Через полчаса после того, как я приехал домой, раздался телефонный звонок, говорит Эйзен.
— Ну, как мы вам понравились? Очень страшно? Правда, забавно? Звериный фильм?
Неизвестно, кокетство это или взаправду, когда он предлагает оценить дело его жизни с точки зрения звериности и забавности. Не может быть, чтобы он действительно видел в театре или кино только забавность и считал, что в этом и есть величие. Возможно, он не хочет показать, что это его так беспокоит? Но ведь здесь было бы нечто ребяческое?
Потом, когда я был у него в Барвихе, где он должен был лежать неподвижно и где, вероятно, он с ясностью увидел, что дело идет к концу, я в голосе его, в глазах его почувствовал, что он даже не гимназист, как Пудовкин, что он мальчик, тот самый, которого мне показывала Юлия Ивановна — мать его, еще до войны, на фотографиях — милый, балованный и… невероятно ранимый. Вероятно, он дико боялся обид. Он очень хотел поддержки. Он любил похвалу и трепетал, что ему вместо доброго могут сказать плохое. И так как всю свою творческую жизнь он находился в состоянии полемики, было немало людей, его опасавшихся и подозревавших во всех смертных грехах… Вот он и выработал то ироническое сопротивление, которое высказывалось в этой фразе: «Ну, как мы вам понравились?»

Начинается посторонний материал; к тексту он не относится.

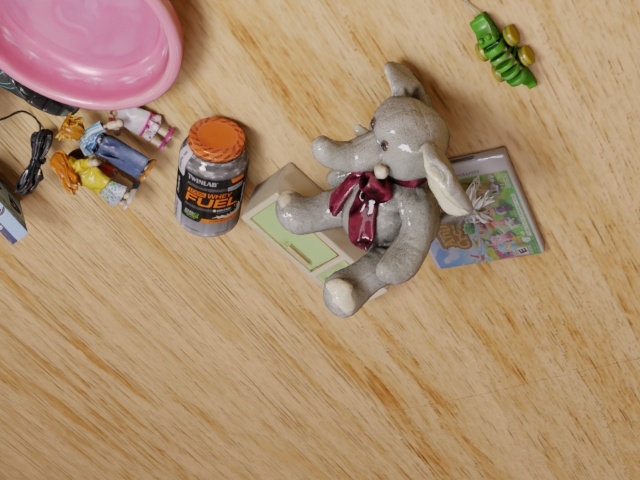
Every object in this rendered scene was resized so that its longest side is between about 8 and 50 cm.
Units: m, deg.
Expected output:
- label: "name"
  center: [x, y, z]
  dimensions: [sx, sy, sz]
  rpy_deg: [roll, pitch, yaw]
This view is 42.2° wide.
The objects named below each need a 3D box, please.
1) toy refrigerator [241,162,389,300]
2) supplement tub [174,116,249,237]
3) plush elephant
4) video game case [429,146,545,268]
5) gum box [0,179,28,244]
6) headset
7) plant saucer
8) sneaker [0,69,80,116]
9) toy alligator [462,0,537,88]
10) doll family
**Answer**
- label: "toy refrigerator"
  center: [0.000, 0.000, 1.446]
  dimensions: [0.269, 0.094, 0.102]
  rpy_deg: [41, 133, -21]
- label: "supplement tub"
  center: [-0.183, -0.106, 1.396]
  dimensions: [0.116, 0.117, 0.190]
  rpy_deg: [18, 137, 3]
- label: "plush elephant"
  center: [0.094, -0.091, 1.189]
  dimensions: [0.329, 0.272, 0.256]
  rpy_deg: [-17, 133, -3]
- label: "video game case"
  center: [0.243, -0.045, 1.359]
  dimensions: [0.193, 0.023, 0.212]
  rpy_deg: [-10, 128, 29]
- label: "gum box"
  center: [-0.619, -0.090, 1.550]
  dimensions: [0.041, 0.184, 0.157]
  rpy_deg: [-37, 121, -6]
- label: "headset"
  center: [-0.648, -0.206, 1.385]
  dimensions: [0.394, 0.243, 0.185]
  rpy_deg: [16, 101, -31]
- label: "plant saucer"
  center: [-0.360, -0.332, 1.228]
  dimensions: [0.331, 0.084, 0.332]
  rpy_deg: [7, 148, 4]
- label: "sneaker"
  center: [-0.513, -0.300, 1.370]
  dimensions: [0.267, 0.101, 0.106]
  rpy_deg: [37, 166, -26]
- label: "toy alligator"
  center: [0.234, -0.267, 1.124]
  dimensions: [0.056, 0.051, 0.189]
  rpy_deg: [-26, 119, 37]
- label: "doll family"
  center: [-0.376, -0.145, 1.428]
  dimensions: [0.163, 0.118, 0.263]
  rpy_deg: [31, 134, -14]
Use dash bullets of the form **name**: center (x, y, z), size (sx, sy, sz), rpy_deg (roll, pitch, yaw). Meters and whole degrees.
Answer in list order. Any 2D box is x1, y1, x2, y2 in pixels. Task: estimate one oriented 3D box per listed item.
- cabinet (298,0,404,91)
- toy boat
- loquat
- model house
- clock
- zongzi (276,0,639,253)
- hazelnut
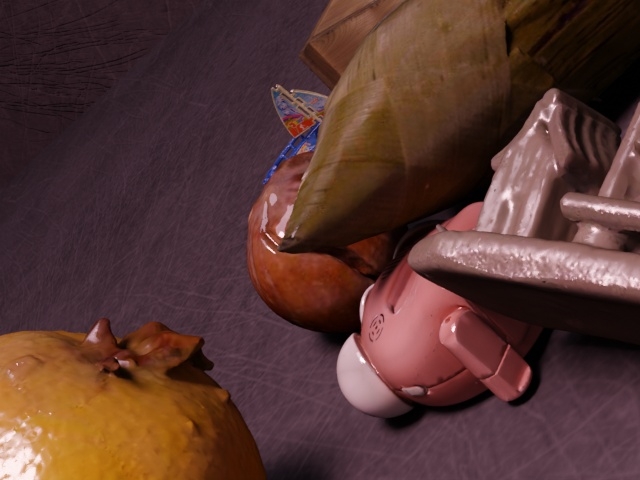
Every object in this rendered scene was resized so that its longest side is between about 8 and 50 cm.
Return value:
- **cabinet**: center (0.113, -0.235, 1.232), size (0.174, 0.148, 0.215), rpy_deg (-22, 33, 48)
- **toy boat**: center (-0.009, -0.130, 1.333), size (0.175, 0.110, 0.091), rpy_deg (-47, 21, 6)
- **loquat**: center (-0.155, 0.181, 0.842), size (0.275, 0.275, 0.275), rpy_deg (-39, 22, 20)
- **model house**: center (0.182, -0.025, 0.729), size (0.229, 0.122, 0.188), rpy_deg (9, 60, 48)
- **clock**: center (0.085, 0.041, 0.879), size (0.162, 0.092, 0.166), rpy_deg (-22, 33, 54)
- **zongzi**: center (0.127, -0.131, 0.919), size (0.323, 0.160, 0.360), rpy_deg (-38, 5, 28)
- **hazelnut**: center (0.000, 0.000, 1.043), size (0.143, 0.143, 0.154), rpy_deg (-23, 40, 47)
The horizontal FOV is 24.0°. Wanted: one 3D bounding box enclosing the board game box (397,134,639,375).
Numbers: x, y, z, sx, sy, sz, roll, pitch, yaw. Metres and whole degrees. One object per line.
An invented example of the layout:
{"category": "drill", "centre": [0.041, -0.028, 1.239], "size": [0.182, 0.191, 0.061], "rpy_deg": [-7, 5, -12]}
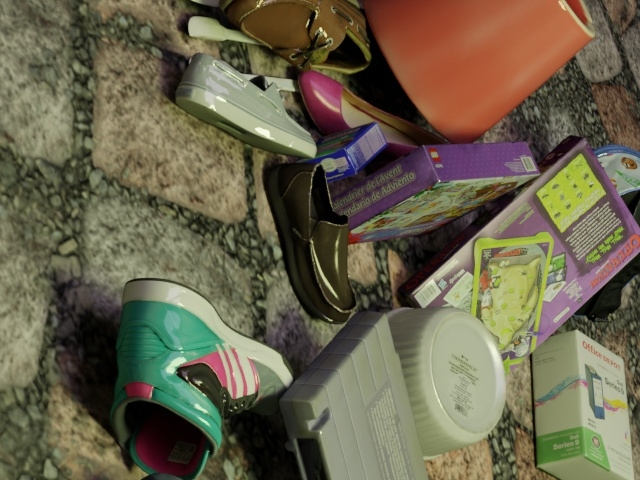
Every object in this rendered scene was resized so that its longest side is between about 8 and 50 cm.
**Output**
{"category": "board game box", "centre": [0.294, 0.036, 2.154], "size": [0.347, 0.056, 0.208], "rpy_deg": [-41, 110, -12]}

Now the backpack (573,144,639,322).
{"category": "backpack", "centre": [0.433, -0.026, 2.377], "size": [0.276, 0.263, 0.213], "rpy_deg": [24, 39, -48]}

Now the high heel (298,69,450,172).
{"category": "high heel", "centre": [0.075, -0.167, 2.060], "size": [0.244, 0.117, 0.082], "rpy_deg": [45, 41, -34]}

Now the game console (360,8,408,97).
{"category": "game console", "centre": [0.091, -0.388, 2.263], "size": [0.213, 0.044, 0.361], "rpy_deg": [-13, 84, -57]}

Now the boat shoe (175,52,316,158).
{"category": "boat shoe", "centre": [-0.080, -0.166, 1.857], "size": [0.227, 0.079, 0.081], "rpy_deg": [25, 78, -44]}

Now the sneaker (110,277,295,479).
{"category": "sneaker", "centre": [-0.125, 0.177, 1.603], "size": [0.295, 0.124, 0.178], "rpy_deg": [42, 51, -50]}

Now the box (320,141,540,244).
{"category": "box", "centre": [0.143, -0.065, 2.029], "size": [0.293, 0.201, 0.057], "rpy_deg": [-7, 70, -56]}

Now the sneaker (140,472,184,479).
{"category": "sneaker", "centre": [-0.110, 0.324, 1.588], "size": [0.283, 0.110, 0.122], "rpy_deg": [54, 23, -34]}

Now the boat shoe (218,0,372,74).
{"category": "boat shoe", "centre": [-0.014, -0.280, 1.960], "size": [0.307, 0.111, 0.104], "rpy_deg": [-5, 66, -59]}

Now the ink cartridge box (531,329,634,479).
{"category": "ink cartridge box", "centre": [0.406, 0.266, 2.347], "size": [0.154, 0.093, 0.212], "rpy_deg": [32, 48, -43]}

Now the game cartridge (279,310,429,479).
{"category": "game cartridge", "centre": [0.055, 0.288, 1.798], "size": [0.230, 0.068, 0.355], "rpy_deg": [-49, 130, -58]}

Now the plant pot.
{"category": "plant pot", "centre": [0.232, -0.305, 2.109], "size": [0.275, 0.243, 0.275], "rpy_deg": [48, 24, -29]}

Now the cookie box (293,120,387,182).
{"category": "cookie box", "centre": [0.025, -0.112, 1.986], "size": [0.107, 0.092, 0.040], "rpy_deg": [-44, 114, -55]}

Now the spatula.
{"category": "spatula", "centre": [-0.104, -0.259, 1.946], "size": [0.242, 0.019, 0.168], "rpy_deg": [0, 74, -59]}

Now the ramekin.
{"category": "ramekin", "centre": [0.155, 0.183, 1.988], "size": [0.207, 0.109, 0.207], "rpy_deg": [19, 64, -45]}

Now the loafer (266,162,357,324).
{"category": "loafer", "centre": [0.000, 0.000, 1.905], "size": [0.080, 0.078, 0.220], "rpy_deg": [-24, 94, -57]}
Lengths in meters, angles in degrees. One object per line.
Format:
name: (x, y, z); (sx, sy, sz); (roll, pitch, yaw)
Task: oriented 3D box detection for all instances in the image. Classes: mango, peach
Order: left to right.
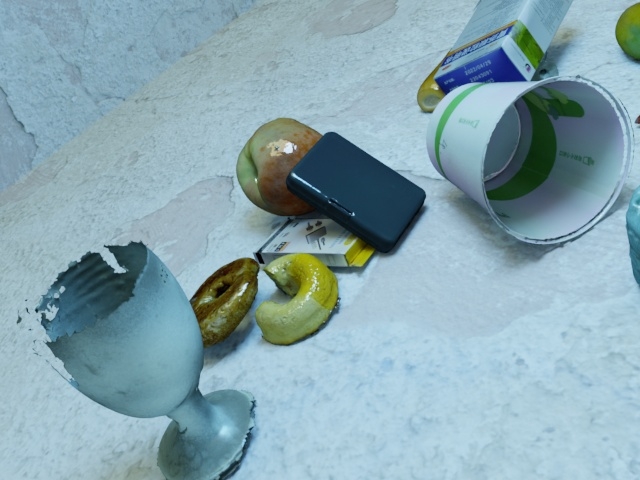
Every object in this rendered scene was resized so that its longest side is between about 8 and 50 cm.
peach: (-0.051, -0.152, 1.355); (0.232, 0.232, 0.232); (-19, 33, 13)
mango: (0.671, -0.416, 1.313); (0.130, 0.092, 0.195); (-25, 41, 0)

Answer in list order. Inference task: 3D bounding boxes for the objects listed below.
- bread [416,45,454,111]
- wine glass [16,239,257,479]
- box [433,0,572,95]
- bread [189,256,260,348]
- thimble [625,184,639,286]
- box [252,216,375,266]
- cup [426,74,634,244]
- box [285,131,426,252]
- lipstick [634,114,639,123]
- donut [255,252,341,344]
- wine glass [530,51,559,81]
bread: (0.310, -0.397, 1.564); (0.092, 0.074, 0.239); (-2, 39, 43)
wine glass: (-0.228, 0.168, 0.886); (0.190, 0.357, 0.190); (-20, 35, 14)
box: (0.405, -0.448, 1.447); (0.200, 0.106, 0.299); (-13, 40, 55)
bread: (-0.174, 0.112, 1.167); (0.193, 0.064, 0.193); (-37, 24, 20)
thimble: (0.505, -0.016, 0.804); (0.235, 0.143, 0.198); (-15, 34, 15)
box: (0.000, 0.000, 1.249); (0.247, 0.033, 0.129); (0, 33, 36)
cup: (0.313, -0.148, 1.070); (0.253, 0.253, 0.274); (-31, 23, -5)
box: (0.067, -0.093, 1.203); (0.230, 0.050, 0.160); (34, 57, 7)
lipstick: (0.610, -0.225, 1.131); (0.129, 0.030, 0.030); (-16, 34, 18)
donut: (-0.040, 0.089, 1.126); (0.146, 0.078, 0.181); (-16, 35, 23)
wine glass: (0.480, -0.407, 1.462); (0.066, 0.066, 0.198); (-16, 33, 17)
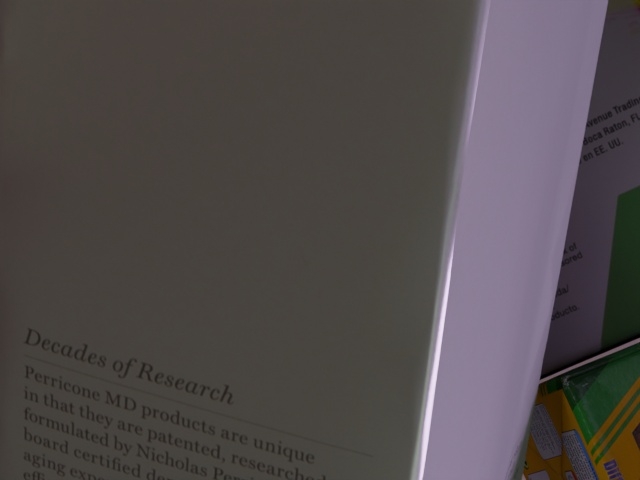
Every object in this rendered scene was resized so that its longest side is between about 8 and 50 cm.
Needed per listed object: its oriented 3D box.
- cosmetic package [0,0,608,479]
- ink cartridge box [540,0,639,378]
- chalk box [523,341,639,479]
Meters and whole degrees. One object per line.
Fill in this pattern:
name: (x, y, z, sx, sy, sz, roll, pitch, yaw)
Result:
cosmetic package: (0.000, 0.000, 0.518, 0.156, 0.385, 0.217, 12, -156, 17)
ink cartridge box: (0.100, -0.077, 0.726, 0.201, 0.278, 0.117, -26, 171, 20)
chalk box: (0.216, 0.093, 0.691, 0.213, 0.132, 0.132, -22, 171, -10)

Что же касается второй серии, то в итоге итогов Эйзен сказал об Иване Грозном, которого надо было называть Иваном Страшным, сущую правду, ту правду, что раскрывали в течение ста пятидесяти лет русские ученые от Карамзина до Ключевского, от Р. Ю. Виппера до новейших исследований С. Б. Веселовского. Смысл этих заключений состоит в том, что царь тот был действительно психически больным человеком, был очень плохим организатором, был лишен большого государственного ума и начисто свободен от каких бы то ни было нравственных норм. Царствование его было чудовищным. Государство было близко к катастрофе. Народ был доведен до крайней степени нищеты и отчаяния.
И, зная это, Эйзен показал Ивана именно таким, каким представляли его подлинные ученые-историки, каким представлял его и русский народ в песнях своих, в пословицах, в памяти своей, от прадедов до нас дошедшей. «Резидент дьявола» оказался гуманистом. «Правила игры» оказались правилами правды. Что же касается тайны искусства, над которой он так много размышлял, то она по-прежнему осталась тайной.
… Плотный и крепкий, он обеими ногами стоял на земле и смотрел на мир всегда с некоторым вызовом — дескать, я тоже так могу, и могу иначе, — он словно приценивался, прицеливался к миру: интересно-де, как он это сделал (он — это бог), — не чувствуя себя от него зависимым, вот в чем дело! — не чувствуя себя связанным или подчиненным чьим бы то ни было законам, традициям, вкусам. Он был совершенно независим и готов был начинать все с самого начала. Он был абсолютно свободен от всякой предвзятости: он был на равных началах со всяким началам творящим и созидающим. Ему легко было делать то, что он делал, благодаря тому что не нависал, не тяготел над ним груз прошлого, — он его не отрицал, не ниспровергал как цель свою, он был свободен в отношении него и поэтому принимал свободно.
Собственно, такова была природа Маяковского; они с Эйзенштейном были явлениями одного порядка. К ним следовало бы присоединить Мейерхольда — его гений превозмогал, делая подчас отчаянные и потому озорные усилия освободиться от традиций, и его иные выходки — это желание насильно бросить свой вызов традициям, которые он вообще тем охотнее примет, чем меньше они будут покушаться на него и предъявлять ему свои права: он, свободный, хочет со свободным говорить. Эпатаж Маяковского и пустая угроза сбросить Пушкина с корабля современности были вызваны теми же причинами, Маяковский тем охотнее и уважительнее готов был отнестись к Пушкину, чем меньше тот собирался навязать ему свою волю, свой навязанный веками авторитет. Эйзенштейну было легче, потому что его сферой было кино: искусство начинающееся и не имевшее ни традиций, ни тем более претензий, оно с охотой пошло навстречу вожделениям Эйзенштейна, оно в самом деле ничего не теряло, кроме своих наложенных театром цепей, приобретало же оно весь мир.